作者投稿和查稿 主编审稿 专家审稿 编委审稿 远程编辑

计算机工程

• •    

基于自适应动态聚合的细粒度图文匹配方法

  • 出版日期:2026-03-24 发布日期:2026-03-24

Fine-Grained Image-Text Matching via Adaptive Dynamic Aggregation

  • Online:2026-03-24 Published:2026-03-24

摘要: 细粒度图文匹配技术通过对齐图像中的区域和句子中的单词等视觉语义片段,来实现高质量的图文匹配。虽然现有研究在区域-单词对齐层面取得了显著进展,但在文本单词聚合环节中,依然存在聚合策略难以适应文本长度和单词语义分布的问题,这会导致语义信息丢失,最终降低整体匹配精度。为解决这一问题,本研究提出一种轻量动态聚合器(Lightweight Dynamic Aggregator, LDA),LDA由一个微型神经网络和Softmax函数组成,它通过分析文本长度与单词语义分布,动态生成求和与均值聚合的权重。LDA网络首先将输入的文本特征投影到高维空间,之后进行非线性变换以捕捉复杂交互,随后再映射回低维空间来压缩特征。为防止特征信息在变换过程中丢失,网络采用残差连接以增强信息流,最终通过Softmax函数进行归一化来稳定权重。实验结果表明,所提出的方法在公开数据集上优于现有先进算法。在Flickr30K数据集上,本文方法的检索总分和文本检索图像方向的所有指标均取得最优结果,其中R@1指标提升2.1%。在MS-COCO数据集的1K和5K测试集上的检索总分为最优结果,且在两个方向的所有指标上,均表现出持平或者更优的性能,同时仅引入可忽略的额外计算开销。该工作不仅验证了文本长度与语义分布联合优化在聚合环节的重要性,也为细粒度图文匹配提供了一种高效、鲁棒的聚合新思路。
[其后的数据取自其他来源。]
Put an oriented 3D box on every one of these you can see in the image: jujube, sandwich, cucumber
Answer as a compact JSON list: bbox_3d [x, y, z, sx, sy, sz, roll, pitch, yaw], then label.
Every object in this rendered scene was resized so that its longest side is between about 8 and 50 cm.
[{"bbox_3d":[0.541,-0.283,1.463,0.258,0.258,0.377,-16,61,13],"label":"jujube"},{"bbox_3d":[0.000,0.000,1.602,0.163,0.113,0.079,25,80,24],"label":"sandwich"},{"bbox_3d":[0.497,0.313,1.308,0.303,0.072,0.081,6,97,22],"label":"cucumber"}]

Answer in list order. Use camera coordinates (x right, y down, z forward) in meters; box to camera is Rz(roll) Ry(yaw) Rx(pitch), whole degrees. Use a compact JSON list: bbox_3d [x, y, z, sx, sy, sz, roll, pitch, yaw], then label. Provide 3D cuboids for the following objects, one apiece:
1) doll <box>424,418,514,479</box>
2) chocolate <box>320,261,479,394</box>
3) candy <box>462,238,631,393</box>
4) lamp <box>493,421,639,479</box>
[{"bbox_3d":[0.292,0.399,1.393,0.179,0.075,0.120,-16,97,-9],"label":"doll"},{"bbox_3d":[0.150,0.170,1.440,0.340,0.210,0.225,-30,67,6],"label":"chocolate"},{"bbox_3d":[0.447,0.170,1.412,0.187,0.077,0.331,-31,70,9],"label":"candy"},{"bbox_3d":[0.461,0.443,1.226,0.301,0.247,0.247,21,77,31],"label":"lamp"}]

Abstract: Fine-grained image-text matching technology achieves high-quality image-text matching by aligning visual semantic fragments such as regions in images and words in sentences. Although existing studies have made significant progress at the region-word alignment level, in the text-word aggregation link, there still exists the problem that the aggregation strategy is difficult to adapt to the text length and the semantic distribution of words, which will lead to the loss of semantic information and ultimately reduce the overall matching accuracy. To solve this problem, this study proposes a Lightweight Dynamic Aggregator (LDA). The LDA consists of a micro neural network and a Softmax function. It dynamically generates the weights for summation and mean aggregation by analyzing the text length and the semantic distribution of words. The LDA network first projects the input text features into a high-dimensional space and performs nonlinear transformation to capture complex interactions, and then maps them back to a low-dimensional space to compress the features. To prevent the loss of feature information during the transformation process, the network uses residual connections to enhance the information flow, and finally normalizes through the Softmax function to stabilize the weights. The experimental results show that the proposed method outperforms the existing advanced algorithms on public datasets. On the Flickr30K dataset, the proposed method achieves the best overall score and top performance on all metrics in the text-to-image retrieval direction, with a 2.1% improvement on R@1. On the 1K and 5K test sets of the MS-COCO dataset, the retrieval total score was the best result, and in all metrics of the two directions, it demonstrated comparable or superior performance, while only introducing negligible additional computational overhead. This work not only verifies the significance of the joint optimization of text length and semantic distribution in the aggregation stage, but also provides an efficient and robust new aggregation idea for fine-grained image-text matching.